13. The method of claim 12,
The voice recognition determination unit is a word for a criterion for displaying the probability of collision between the endoscope camera and the robot arm and the words necessary for controlling the operation of the endoscope camera among the voice data secured through the voice recognition unit through the machine learning-based voice recognition model Surgical robot system, characterized in that by distinguishing and patterning the user intention for the movement of the endoscope camera and the user intention with respect to a criterion for displaying the probability of collision between the endoscope camera and the robot arm.

14. The method of claim 13,
The voice recognition model is a surgical robot system, characterized in that it comprises a deep neural network (Deep neural network) built based on learning based on deep learning (deep learning).

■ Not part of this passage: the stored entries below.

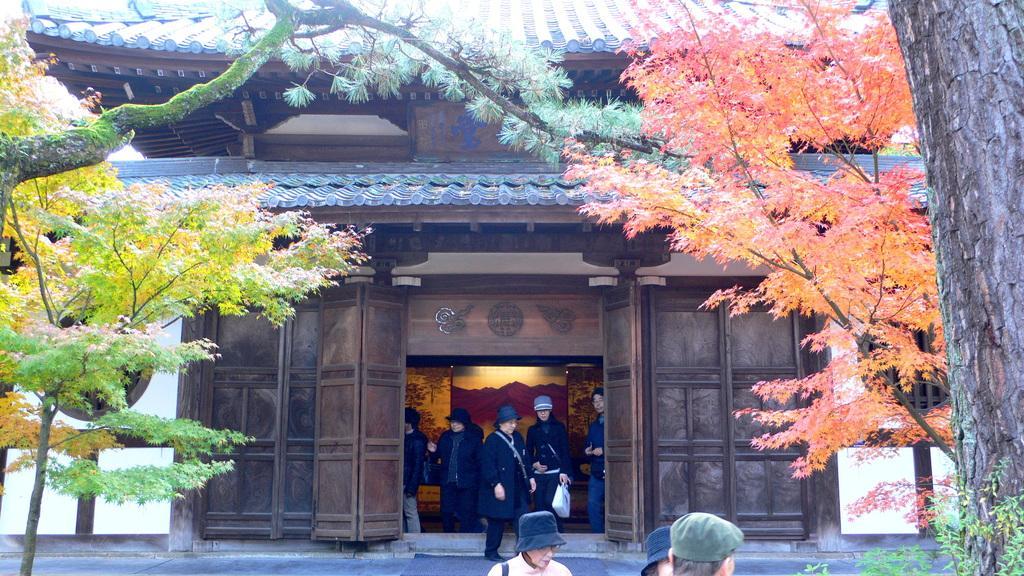Could you give a brief overview of what you see in this image? In this picture we can see some people are standing and in front of the people there are trees and behind the people there is a wooden wall and it looks like a house. 
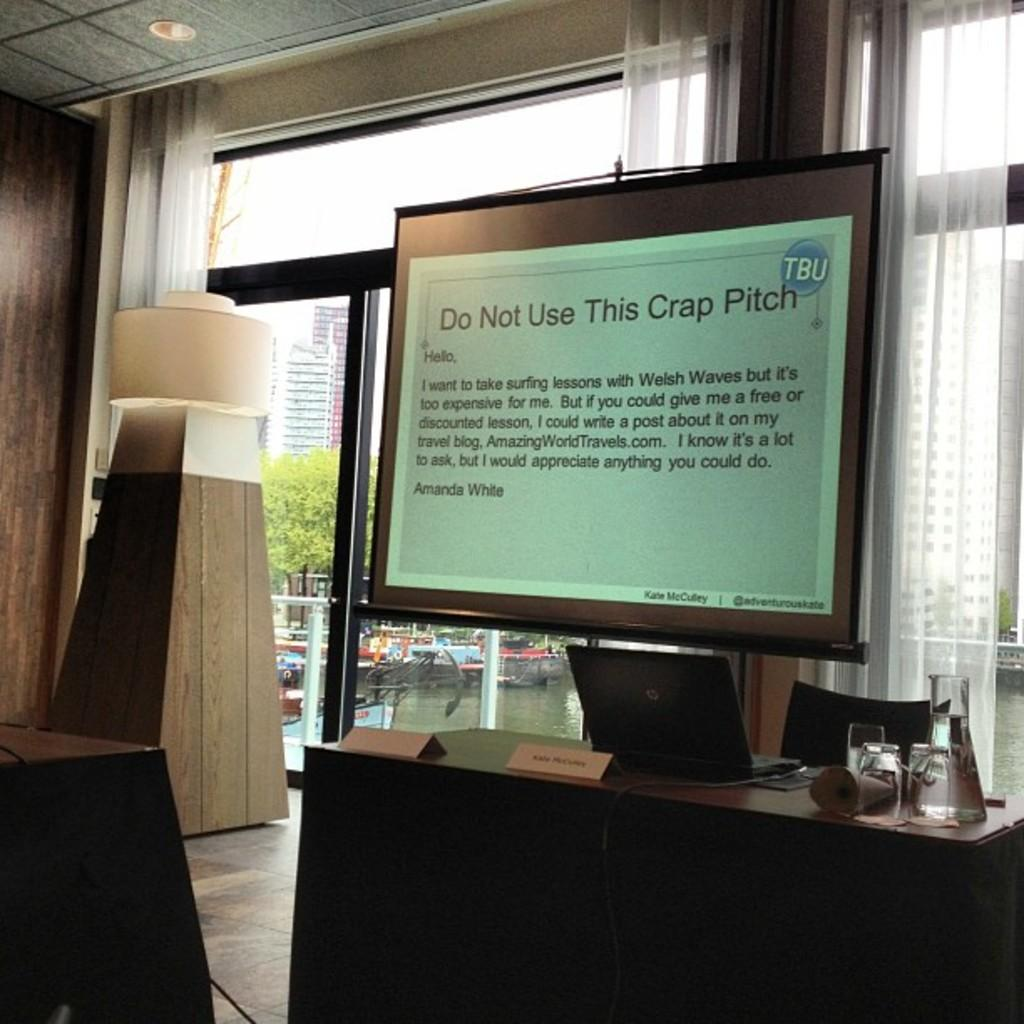What is the main electronic device in the image? There is a laptop in the image. What is the person using the laptop sitting on? There is a chair in the image. What type of containers are present in the image? There are glass tumblers in the image. What is the purpose of the name board in the image? The name board is likely used for identification or labeling purposes. What type of furniture is present in the image? There is a table in the image. What type of structures can be seen in the background of the image? There are skyscrapers in the image. What type of natural elements can be seen in the image? There are trees and water visible in the image. What type of vehicles are present in the image? There are boats in the image. What type of coat is hanging on the wall in the image? There is no coat present in the image. What type of tub is visible in the image? There is no tub present in the image. 
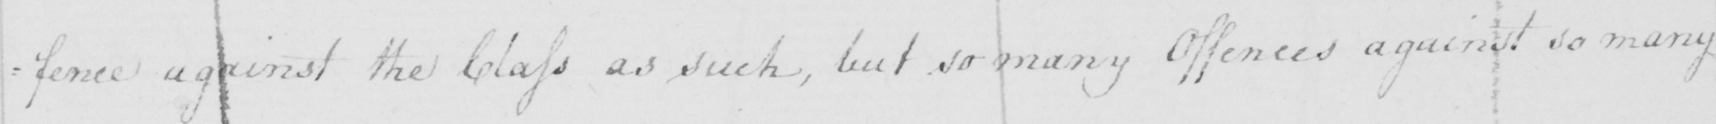Please transcribe the handwritten text in this image. : fence against the Class as such , but so many Offences against so many 
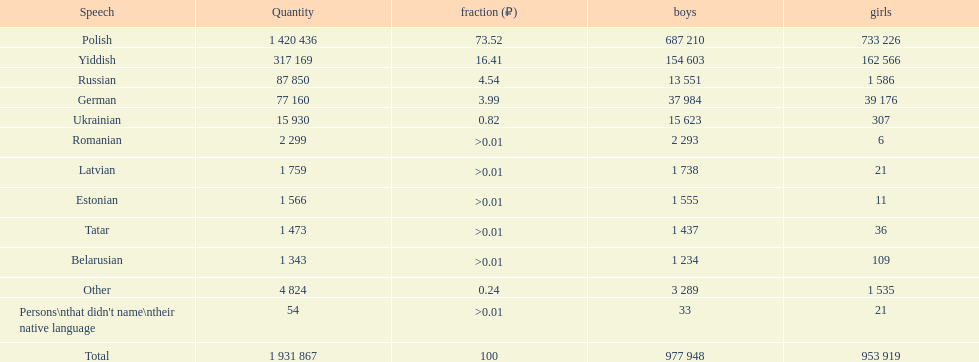Which language had the most number of people speaking it. Polish.

14. The method of claim 13,
The utterance instructions are 'Cam right', 'Cam left', 'Cam up', 'Cam down', and 'Cam zoom in'. And Surgical robot system comprising a 'cam zoom out (Camera zoom out)'.

13. The method of claim 12,
The voice recognition unit is a surgical robot system, characterized in that the microphone is detachably provided on one side of the headset or provided integrally with the headset.